# Filtering https with Squid, but only at a basic level?



## mariourk (Nov 2, 2015)

Hi,

I want to filter https traffic with Squid, but only on a very basic level. I'm not interrested in the actual content. I don't want Squid to act as a man-in-the-middle and I don't want Squid to decrypt anything. All I want is to block certain sites for certain people and that's it. Someone in department X is allowed to visit ebay.com, while someone at deparment Y is not. That's it. And is someone at department X is browsing all kinds of adult content on ebay.com, I simply don't care.

The problem is that tutorials about filtering https delve much deeper than just that. They explain how to create SSL-certificates, making all hosts trust this certificate, having Squid handling the https-connection, decrypt everything, filter it, decrypt it again and send it to the browser. In other words, it's a hassle and far more than I need.

It should be possible to keep it much simpler, if I don't need all that. Right?


----------



## tingo (Nov 2, 2015)

And squid's FAQ doesn't help?
http://wiki.squid-cache.org/SquidFaq/SquidAcl#How_can_I_block_access_to_porn_sites.3F


----------



## mariourk (Nov 2, 2015)

That is what I've been doing for years. But as far as I know, that only works for http.


----------



## sidetone (Nov 2, 2015)

There's a book, "Squid Proxy Server 3.1: Beginner's Guide," by packt publishing. All I know about it, is what's in the book's description, and it's one of the few books on the topic. It's just a mention. If you can find your information for free, go for it. I'm not stopping the conversation, maybe someone could know and answer.


----------



## usdmatt (Nov 2, 2015)

> All I want is to block certain sites for certain people and that's it. Someone in department X is allowed to visit ebay.com, while someone at deparment Y is not


The problem is, the entire HTTP request is encrypted, so you've no idea what website people are going to unless you can decrypt the data. The only way to decrypt the data is to go through the hell of the MITM style config, which is probably why all the filtering HTTPS guides go down that route. There really isn't any other way of seeing what the traffic is doing.

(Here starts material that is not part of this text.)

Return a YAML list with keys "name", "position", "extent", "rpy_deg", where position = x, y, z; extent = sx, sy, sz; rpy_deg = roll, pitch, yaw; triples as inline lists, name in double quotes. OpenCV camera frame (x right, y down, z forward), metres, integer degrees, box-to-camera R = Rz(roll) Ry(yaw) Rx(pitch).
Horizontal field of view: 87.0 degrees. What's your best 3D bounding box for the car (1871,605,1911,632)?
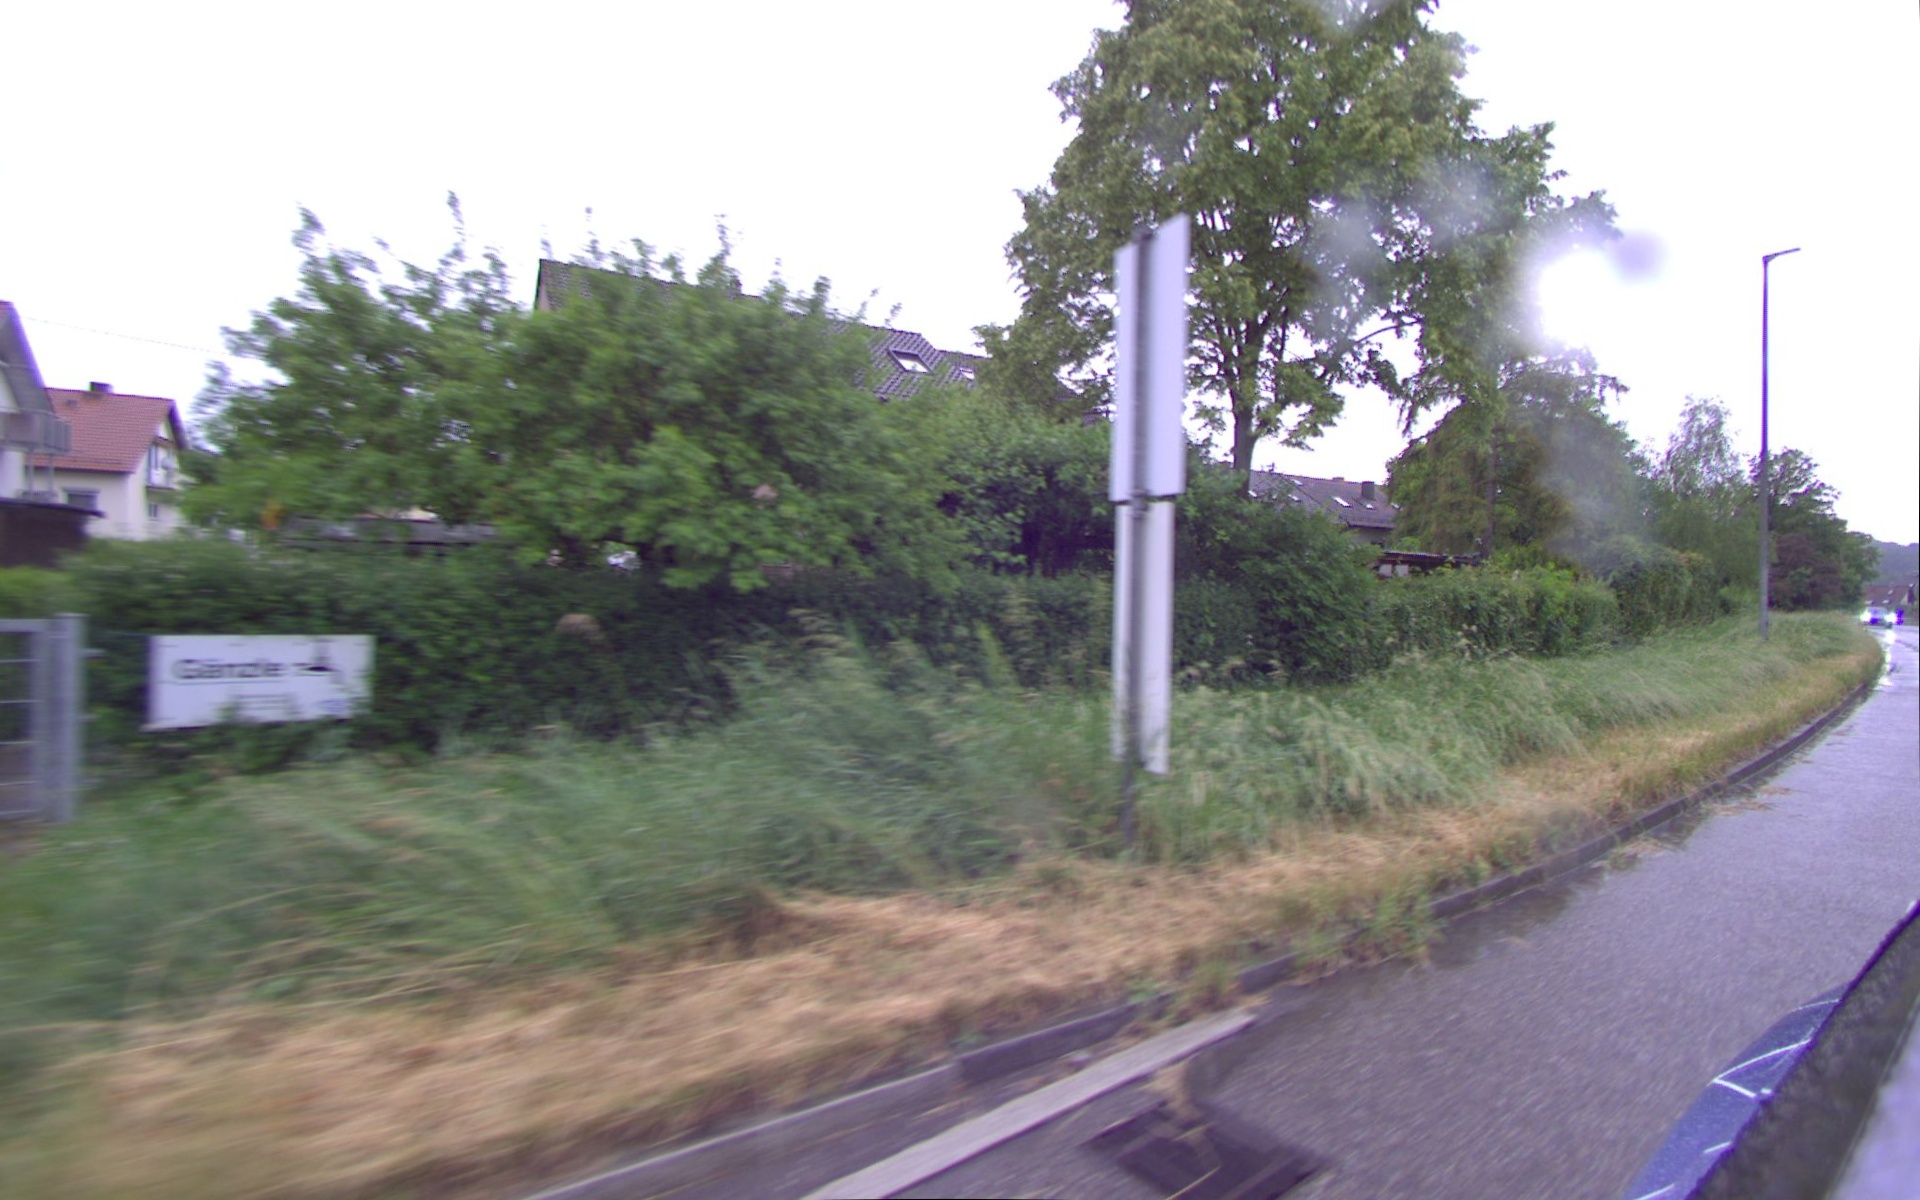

The closest you will get it to block the IP ranges of the websites. But of course that isn't foolproof as some will be hosted in multiple locations and may change addresses from time to time.


----------



## usdmatt (Nov 2, 2015)

The other alternative is to set all the machines to use your own DNS server, then configure that to return the address of some local web server that shows a 'Website blocked' message for domains you want to block. I know with Bind you can set different 'views', so different ranges of client IP addresses will see different DNS records.

Of course that's easily circumvented by anyone who knows what they are doing by changing their DNS servers, although you could block all port 53 traffic to the Internet from anything other than your own DNS server. There's still ways round it but it gets more and more awkward, and if users are using jumping through hoops to get round your policies, it should be pretty clear to them that they're doing something they shouldn't.


----------



## mariourk (Nov 2, 2015)

> The problem is, the entire HTTP request is encrypted, so you've no idea what website people are going to



Digging a little deeper in the whole https thing and it seems you are correct. Which is a bummer. I was kind of hoping the URL's themselves would be unencrypted.

Well, on the other hand, I'm actually glad it works that way. It just sucks that it makes my problem a bit more complicated


----------



## mariourk (Nov 2, 2015)

> There's still ways round it but it gets more and more awkward, and if users are using jumping through hoops to get round your policies, it should be pretty clear to them that they're doing something they shouldn't.



My additude towards those people is usually to (sublty) let them know that I know what they're doing and leave it at that. If they get around it and don't cause actual trouble, good for them. I'm not going to waste my time and energy on that.


----------



## usdmatt (Nov 2, 2015)

> I was kind of hoping the URL's themselves would be unencrypted.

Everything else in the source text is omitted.